In the first part of this article series we looked into the objects that make up Git’s datastore (blobs, trees and commits). We also saw how commits participate in a directed acyclic graph (or DAG).
In this second, and final part of this series we examine a few Git commands and see how they work with and manipulate the DAG.
Initial set up
If you have been playing along since we last met then you can continue to use the
gitsGuts repository we set up.
Otherwise let us quickly initialize a new repository with a few commits so we have a basis to work with.
$ git init gitsGuts (1) # Initialized empty Git repository in /Users/looselytyped/Documents/articles/gitsGuts/.git/ $ cd gitsGuts (2) $ (master) echo 'Hello Git!' > README.md (3) $ (master) mkdir src $ (master) echo '// This is my source code' > src/Main.java (4) $ (master) cd .. $ (master) git add . $ (master) git commit -m "Initial commit" (5) # [master (root-commit) 3cf00f8] Initial commit # 2 files changed, 2 insertions(+) # create mode 100644 README.md # create mode 100644 src/Main.java $ (master) echo 'Making another commit' >> README.md (6) $ (master) git add README.md $ (master) git ci -m "Second commit" (7) # [master aed7e05] Second commit # 1 file changed, 1 insertion(+) .... <1> Initialize a new respository <2> Be sure to cd into it! <3> Initialize a README me file with some text <4> Initialize another plain text file inside the src sub-directory <5> git-add and git-commit both the files <6> Edit the README file by appending some text <7> Make a second commit
We now have a Git repository with 2 files and 2 commits. Just to be sure we are on the same page let us inspect directory structure using the
I also display an abbreviated version of the Git log. 

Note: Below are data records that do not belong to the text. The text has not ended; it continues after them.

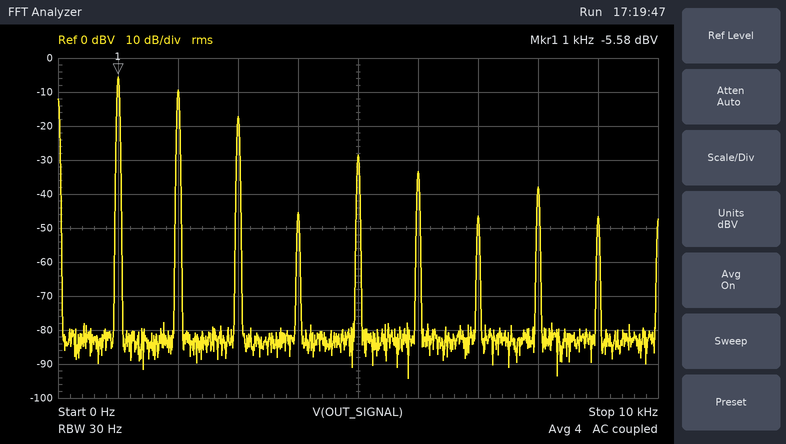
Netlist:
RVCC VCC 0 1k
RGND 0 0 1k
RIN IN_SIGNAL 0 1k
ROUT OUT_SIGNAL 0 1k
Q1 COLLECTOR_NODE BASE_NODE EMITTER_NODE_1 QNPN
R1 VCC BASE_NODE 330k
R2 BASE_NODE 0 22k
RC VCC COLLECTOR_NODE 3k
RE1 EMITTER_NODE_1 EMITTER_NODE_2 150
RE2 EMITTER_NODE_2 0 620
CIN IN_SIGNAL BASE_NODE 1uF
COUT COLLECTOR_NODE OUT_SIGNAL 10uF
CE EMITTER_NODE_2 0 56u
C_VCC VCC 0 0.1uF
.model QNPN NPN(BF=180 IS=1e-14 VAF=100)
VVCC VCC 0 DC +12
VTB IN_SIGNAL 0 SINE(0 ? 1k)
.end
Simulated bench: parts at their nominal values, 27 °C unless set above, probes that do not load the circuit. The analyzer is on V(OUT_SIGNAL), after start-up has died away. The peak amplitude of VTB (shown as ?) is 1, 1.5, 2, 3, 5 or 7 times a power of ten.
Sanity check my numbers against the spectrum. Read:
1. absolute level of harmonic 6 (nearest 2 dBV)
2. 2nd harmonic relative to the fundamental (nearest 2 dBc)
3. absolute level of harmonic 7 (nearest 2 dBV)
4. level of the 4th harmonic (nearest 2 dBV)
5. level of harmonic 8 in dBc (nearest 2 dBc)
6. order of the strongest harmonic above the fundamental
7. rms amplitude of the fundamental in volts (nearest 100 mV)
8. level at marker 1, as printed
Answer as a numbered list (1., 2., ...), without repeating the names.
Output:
1. -34 dBV
2. -4 dBc
3. -46 dBV
4. -46 dBV
5. -32 dBc
6. 2
7. 500 mV
8. -5.58 dBV
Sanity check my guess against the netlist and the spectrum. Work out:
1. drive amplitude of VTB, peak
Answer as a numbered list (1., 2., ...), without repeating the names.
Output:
1. 700 mV
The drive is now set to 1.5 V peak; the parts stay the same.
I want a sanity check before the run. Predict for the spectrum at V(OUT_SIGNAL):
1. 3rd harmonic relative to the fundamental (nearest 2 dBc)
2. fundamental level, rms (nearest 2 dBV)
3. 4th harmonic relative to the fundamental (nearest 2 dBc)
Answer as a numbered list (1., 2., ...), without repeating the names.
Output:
1. -10 dBc
2. 0 dBV
3. -26 dBc
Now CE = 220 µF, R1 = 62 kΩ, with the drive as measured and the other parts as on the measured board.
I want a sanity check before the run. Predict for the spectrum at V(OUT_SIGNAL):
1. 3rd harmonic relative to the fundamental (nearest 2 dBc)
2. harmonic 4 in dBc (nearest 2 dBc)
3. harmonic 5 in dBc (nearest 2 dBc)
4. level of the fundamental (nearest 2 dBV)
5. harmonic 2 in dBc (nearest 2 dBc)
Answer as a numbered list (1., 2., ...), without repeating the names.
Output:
1. -20 dBc
2. -34 dBc
3. -40 dBc
4. 4 dBV
5. -14 dBc
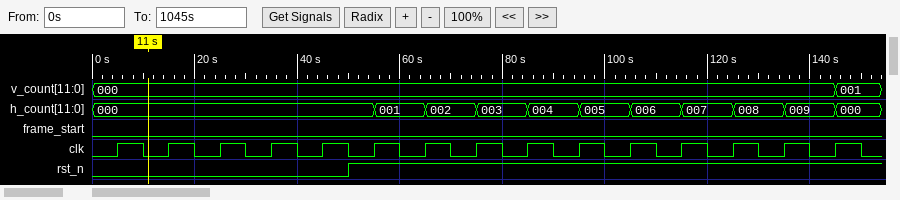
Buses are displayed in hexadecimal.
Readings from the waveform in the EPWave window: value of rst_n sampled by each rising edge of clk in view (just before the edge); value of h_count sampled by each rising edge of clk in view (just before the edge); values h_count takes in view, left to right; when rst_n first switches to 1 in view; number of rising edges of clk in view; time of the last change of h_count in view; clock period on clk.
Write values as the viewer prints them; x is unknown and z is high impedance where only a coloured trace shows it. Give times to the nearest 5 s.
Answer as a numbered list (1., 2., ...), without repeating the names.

1. 0 0 0 0 0 1 1 1 1 1 1 1 1 1 1
2. 000, 000, 000, 000, 000, 000, 001, 002, 003, 004, 005, 006, 007, 008, 009
3. 000, 001, 002, 003, 004, 005, 006, 007, 008, 009, 000
4. 50 s
5. 15
6. 145 s
7. 10 s
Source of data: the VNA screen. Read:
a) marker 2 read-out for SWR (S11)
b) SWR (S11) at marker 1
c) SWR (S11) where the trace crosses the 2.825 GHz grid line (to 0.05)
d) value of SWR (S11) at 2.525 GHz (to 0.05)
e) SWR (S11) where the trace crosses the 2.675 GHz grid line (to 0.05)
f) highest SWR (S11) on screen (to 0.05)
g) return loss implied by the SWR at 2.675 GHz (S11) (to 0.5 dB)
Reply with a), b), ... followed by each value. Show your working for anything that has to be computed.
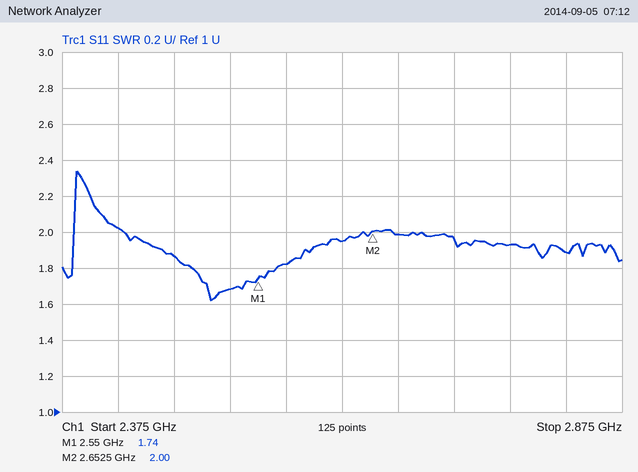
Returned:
a) 2.00
b) 1.74
c) 1.90
d) 1.70
e) 2.00
f) 2.35
g) −20 log10((2 − 1)/(2 + 1)) ≈ 9.5 dB
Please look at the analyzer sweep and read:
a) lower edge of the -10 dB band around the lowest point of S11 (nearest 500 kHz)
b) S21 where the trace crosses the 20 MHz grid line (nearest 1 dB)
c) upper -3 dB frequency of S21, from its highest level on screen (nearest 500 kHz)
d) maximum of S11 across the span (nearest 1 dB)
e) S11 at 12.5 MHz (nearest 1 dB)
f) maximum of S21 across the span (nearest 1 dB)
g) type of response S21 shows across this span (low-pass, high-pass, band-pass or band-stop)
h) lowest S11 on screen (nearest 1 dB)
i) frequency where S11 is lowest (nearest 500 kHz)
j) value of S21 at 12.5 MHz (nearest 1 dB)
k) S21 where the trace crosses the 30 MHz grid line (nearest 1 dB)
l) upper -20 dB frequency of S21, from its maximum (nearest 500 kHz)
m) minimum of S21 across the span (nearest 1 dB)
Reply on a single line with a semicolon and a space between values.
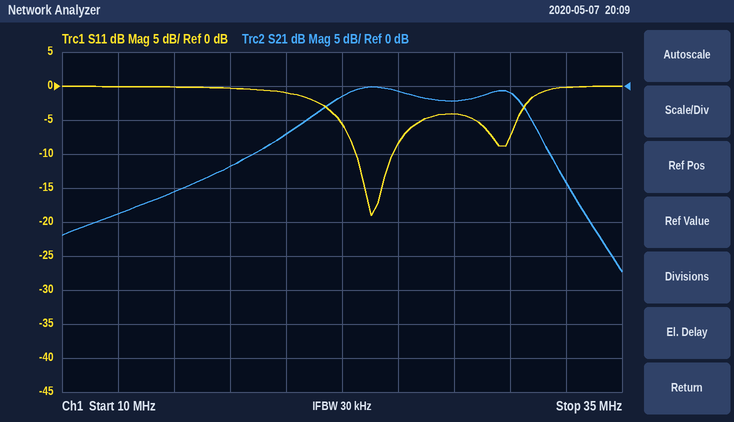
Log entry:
23.0 MHz; -7 dB; 30.5 MHz; 0 dB; 0 dB; 0 dB; band-pass; -19 dB; 24.0 MHz; -19 dB; -1 dB; 33.5 MHz; -27 dB
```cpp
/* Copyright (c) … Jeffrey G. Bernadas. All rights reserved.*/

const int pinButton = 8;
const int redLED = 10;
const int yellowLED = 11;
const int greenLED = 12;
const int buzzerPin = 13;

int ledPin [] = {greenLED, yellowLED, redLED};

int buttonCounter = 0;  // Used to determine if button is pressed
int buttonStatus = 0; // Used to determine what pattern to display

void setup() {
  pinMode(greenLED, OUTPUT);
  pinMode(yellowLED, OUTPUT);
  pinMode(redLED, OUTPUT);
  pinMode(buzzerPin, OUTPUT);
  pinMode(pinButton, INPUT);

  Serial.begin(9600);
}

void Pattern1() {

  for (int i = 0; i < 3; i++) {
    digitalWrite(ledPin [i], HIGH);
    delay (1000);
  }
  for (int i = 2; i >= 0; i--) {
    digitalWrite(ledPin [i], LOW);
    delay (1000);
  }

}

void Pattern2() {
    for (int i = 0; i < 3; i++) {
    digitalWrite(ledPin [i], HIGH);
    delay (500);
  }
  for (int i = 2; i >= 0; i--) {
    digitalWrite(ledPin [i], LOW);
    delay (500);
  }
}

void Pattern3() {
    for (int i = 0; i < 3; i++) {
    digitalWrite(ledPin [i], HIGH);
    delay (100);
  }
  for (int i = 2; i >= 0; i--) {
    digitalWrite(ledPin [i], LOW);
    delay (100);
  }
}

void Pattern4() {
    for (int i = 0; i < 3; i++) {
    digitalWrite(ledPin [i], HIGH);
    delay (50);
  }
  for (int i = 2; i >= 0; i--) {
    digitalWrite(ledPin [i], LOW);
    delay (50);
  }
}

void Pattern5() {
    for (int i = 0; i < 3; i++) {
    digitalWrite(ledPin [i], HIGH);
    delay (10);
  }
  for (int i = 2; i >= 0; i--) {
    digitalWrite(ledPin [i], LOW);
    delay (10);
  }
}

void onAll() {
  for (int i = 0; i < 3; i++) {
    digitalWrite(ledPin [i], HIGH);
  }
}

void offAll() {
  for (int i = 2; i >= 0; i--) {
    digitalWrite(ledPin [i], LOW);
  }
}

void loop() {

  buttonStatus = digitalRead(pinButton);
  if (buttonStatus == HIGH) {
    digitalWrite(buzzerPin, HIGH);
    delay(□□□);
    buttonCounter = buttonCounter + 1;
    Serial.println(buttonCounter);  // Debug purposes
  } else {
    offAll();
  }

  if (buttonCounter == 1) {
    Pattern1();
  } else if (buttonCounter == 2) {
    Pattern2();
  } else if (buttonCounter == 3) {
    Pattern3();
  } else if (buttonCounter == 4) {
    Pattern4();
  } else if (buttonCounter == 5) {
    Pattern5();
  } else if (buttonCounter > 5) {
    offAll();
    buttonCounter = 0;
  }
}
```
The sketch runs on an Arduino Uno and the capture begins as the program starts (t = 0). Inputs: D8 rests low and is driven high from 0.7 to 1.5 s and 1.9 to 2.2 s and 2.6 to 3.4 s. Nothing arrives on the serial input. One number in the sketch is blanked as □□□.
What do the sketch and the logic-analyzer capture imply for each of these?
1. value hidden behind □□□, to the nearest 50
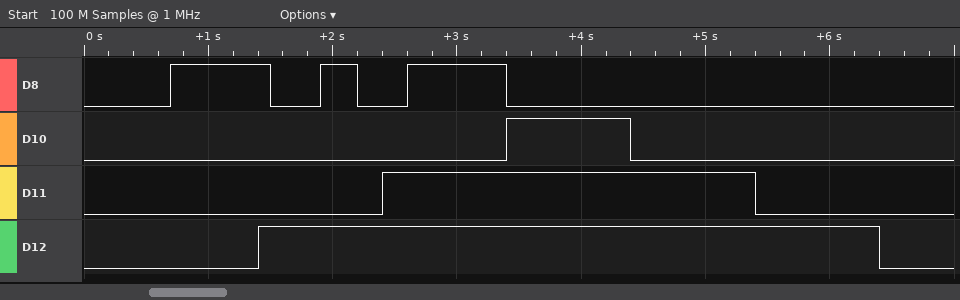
700
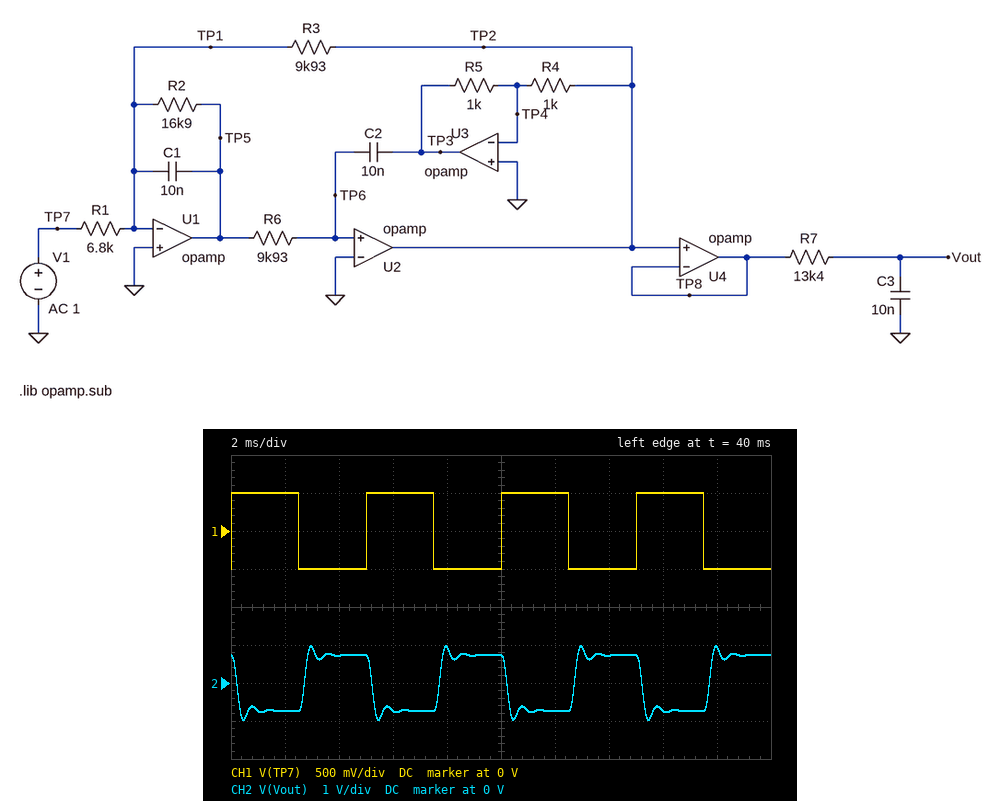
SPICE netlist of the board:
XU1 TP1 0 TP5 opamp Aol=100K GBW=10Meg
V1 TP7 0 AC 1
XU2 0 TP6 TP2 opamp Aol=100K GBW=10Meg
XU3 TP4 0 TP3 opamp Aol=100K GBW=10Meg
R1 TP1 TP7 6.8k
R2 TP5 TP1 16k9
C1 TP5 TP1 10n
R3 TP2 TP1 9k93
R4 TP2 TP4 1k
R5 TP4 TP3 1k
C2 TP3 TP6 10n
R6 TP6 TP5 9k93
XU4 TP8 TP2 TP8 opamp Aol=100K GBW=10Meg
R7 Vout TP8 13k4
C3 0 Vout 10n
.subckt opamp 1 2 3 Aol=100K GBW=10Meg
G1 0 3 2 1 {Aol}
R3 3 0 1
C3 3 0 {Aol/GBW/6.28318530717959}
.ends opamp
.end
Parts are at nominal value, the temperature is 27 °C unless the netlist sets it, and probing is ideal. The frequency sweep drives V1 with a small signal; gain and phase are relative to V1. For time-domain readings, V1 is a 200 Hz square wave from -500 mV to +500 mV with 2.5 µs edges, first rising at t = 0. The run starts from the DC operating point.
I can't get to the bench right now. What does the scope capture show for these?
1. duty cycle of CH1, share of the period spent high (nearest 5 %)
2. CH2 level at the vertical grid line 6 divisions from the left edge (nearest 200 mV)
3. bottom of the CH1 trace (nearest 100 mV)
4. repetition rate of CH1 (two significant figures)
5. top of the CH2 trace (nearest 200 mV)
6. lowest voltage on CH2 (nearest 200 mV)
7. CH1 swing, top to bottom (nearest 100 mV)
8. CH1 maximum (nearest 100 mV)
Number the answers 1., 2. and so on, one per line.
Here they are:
1. 50 %
2. -800 mV
3. -500 mV
4. 200 Hz
5. 1.0 V
6. -1.0 V
7. 1.0 V
8. 500 mV
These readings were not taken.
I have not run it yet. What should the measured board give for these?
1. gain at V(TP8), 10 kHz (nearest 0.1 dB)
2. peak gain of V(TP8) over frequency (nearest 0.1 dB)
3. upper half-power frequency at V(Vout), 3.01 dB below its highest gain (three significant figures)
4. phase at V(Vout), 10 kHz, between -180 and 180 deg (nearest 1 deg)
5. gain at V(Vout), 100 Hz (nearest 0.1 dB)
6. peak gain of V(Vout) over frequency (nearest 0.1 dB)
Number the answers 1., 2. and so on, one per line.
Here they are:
1. -28.3 dB
2. 8.3 dB
3. 1.77 kHz
4. -78 deg
5. 3.3 dB
6. 4.5 dB
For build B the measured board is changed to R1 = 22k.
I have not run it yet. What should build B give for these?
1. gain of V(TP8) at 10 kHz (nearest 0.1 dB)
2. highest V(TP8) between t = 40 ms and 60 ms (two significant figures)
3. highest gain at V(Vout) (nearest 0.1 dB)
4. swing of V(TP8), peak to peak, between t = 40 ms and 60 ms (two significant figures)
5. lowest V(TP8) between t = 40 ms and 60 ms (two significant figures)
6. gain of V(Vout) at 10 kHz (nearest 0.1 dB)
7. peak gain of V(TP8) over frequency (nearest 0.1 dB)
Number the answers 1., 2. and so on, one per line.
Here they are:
1. -38.5 dB
2. 400 mV
3. -5.7 dB
4. 800 mV
5. -400 mV
6. -57.1 dB
7. -1.9 dB
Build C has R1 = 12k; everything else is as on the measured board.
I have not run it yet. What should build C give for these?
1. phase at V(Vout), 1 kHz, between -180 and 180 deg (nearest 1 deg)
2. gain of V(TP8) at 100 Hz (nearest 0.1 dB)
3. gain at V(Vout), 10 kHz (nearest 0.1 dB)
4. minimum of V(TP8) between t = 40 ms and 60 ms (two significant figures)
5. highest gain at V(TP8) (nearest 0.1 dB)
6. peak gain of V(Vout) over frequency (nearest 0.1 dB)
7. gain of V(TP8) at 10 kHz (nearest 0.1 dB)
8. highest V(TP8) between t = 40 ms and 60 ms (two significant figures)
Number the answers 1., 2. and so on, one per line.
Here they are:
1. 109 deg
2. -1.6 dB
3. -51.8 dB
4. -730 mV
5. 3.4 dB
6. -0.4 dB
7. -33.3 dB
8. 730 mV
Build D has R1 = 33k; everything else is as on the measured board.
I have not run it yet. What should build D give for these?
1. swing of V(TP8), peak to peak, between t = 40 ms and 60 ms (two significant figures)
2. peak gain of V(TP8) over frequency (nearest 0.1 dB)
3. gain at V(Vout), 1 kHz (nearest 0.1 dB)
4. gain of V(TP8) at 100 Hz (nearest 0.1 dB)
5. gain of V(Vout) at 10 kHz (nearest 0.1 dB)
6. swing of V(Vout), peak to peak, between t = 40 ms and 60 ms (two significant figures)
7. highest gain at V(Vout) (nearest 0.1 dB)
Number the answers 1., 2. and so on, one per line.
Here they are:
1. 530 mV
2. -5.4 dB
3. -9.8 dB
4. -10.4 dB
5. -60.6 dB
6. 400 mV
7. -9.2 dB
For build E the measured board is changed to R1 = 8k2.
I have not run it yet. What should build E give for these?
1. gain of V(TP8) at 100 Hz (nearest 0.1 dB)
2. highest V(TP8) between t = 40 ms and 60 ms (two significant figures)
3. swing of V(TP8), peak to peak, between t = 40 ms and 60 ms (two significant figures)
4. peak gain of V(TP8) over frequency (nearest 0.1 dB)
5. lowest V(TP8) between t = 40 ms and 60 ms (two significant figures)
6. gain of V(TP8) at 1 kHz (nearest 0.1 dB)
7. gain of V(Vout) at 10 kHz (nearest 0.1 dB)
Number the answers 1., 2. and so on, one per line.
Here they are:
1. 1.7 dB
2. 1.1 V
3. 2.1 V
4. 6.7 dB
5. -1.1 V
6. 4.6 dB
7. -48.5 dB
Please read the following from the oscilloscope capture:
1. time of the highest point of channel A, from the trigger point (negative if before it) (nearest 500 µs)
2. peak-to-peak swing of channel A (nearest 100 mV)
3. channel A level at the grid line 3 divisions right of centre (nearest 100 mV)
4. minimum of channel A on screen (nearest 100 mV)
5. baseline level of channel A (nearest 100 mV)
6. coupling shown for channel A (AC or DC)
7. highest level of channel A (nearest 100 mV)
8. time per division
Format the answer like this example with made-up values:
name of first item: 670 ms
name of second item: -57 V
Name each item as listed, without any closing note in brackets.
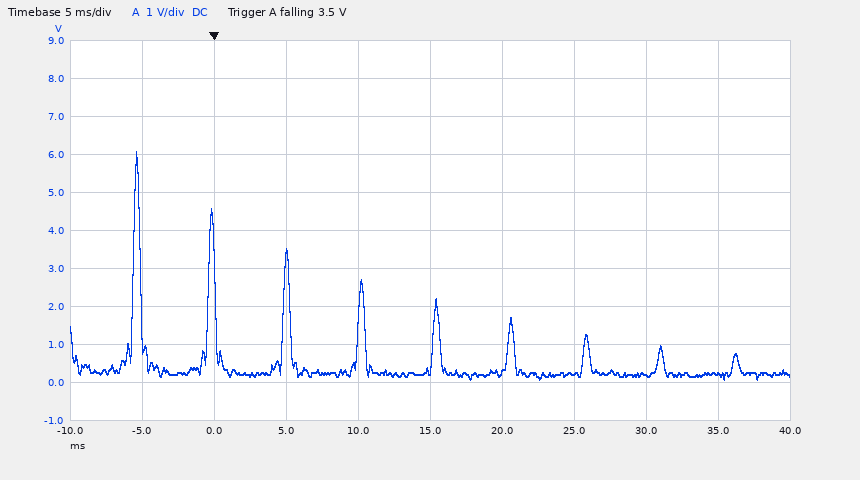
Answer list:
time of the highest point of channel A, from the trigger point (negative if before it): -5.5 ms
peak-to-peak swing of channel A: 6.0 V
channel A level at the grid line 3 divisions right of centre: 200 mV
minimum of channel A on screen: 100 mV
baseline level of channel A: 200 mV
coupling shown for channel A: DC
highest level of channel A: 6.1 V
time per division: 5 ms
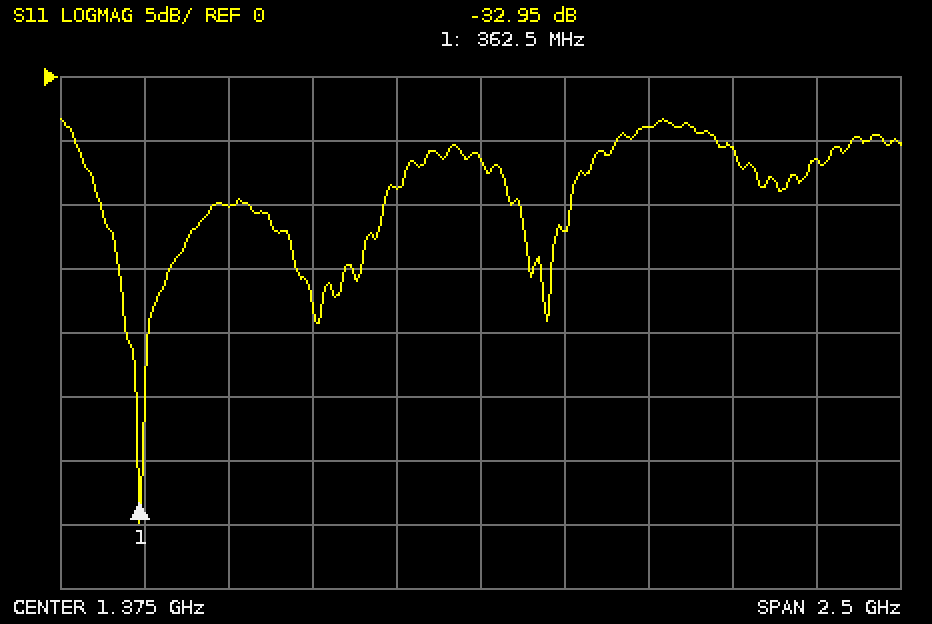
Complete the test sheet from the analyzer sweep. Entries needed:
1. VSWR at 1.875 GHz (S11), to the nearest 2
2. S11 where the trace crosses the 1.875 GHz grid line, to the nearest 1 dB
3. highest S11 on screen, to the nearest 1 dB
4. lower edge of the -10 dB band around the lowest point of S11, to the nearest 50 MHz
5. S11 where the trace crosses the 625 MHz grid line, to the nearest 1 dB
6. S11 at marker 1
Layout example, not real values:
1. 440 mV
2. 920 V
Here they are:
1. 4
2. -4 dB
3. -3 dB
4. 250 MHz
5. -10 dB
6. -32.95 dB

$ (master) tree (1) # . # ├── README.md # └── src # └── Main.java # 1 directory, 2 files $ (master) git lg (2) # * aed7e05 - (HEAD, master) Second commit <Raju Gandhi> # * 3cf00f8 - Initial commit <Raju Gandhi> .... <1> Display the structure of the repository <2> An abbreviated Git log
Bear in mind that the hashes of your commits will be different than those you see in my log.
The latest commit in my repository happens to be
aed7e05 — be sure to remember yours.
Looking good? Then let us talk about branching.
If you have used Git for any amount of time then you are most certainly used to and are most likely an ardent proponent of branching. You have probably been even told or heard that branching in Git is really cheap. So how does branching in Git really work?
One way to think about branches in Git is to think of them as sticky notes. You can visualize these sticky notes to have two lines of text in them — the first line contains the name of the branch, written by a thick permanent marker. The second line on the sticky note happens to be written using a pencil and is the hash of the last commit on that branch.
Let us start by examining the
.git/refs/heads directory, and then create a new branch using
git-branch, and inspect that directory once again.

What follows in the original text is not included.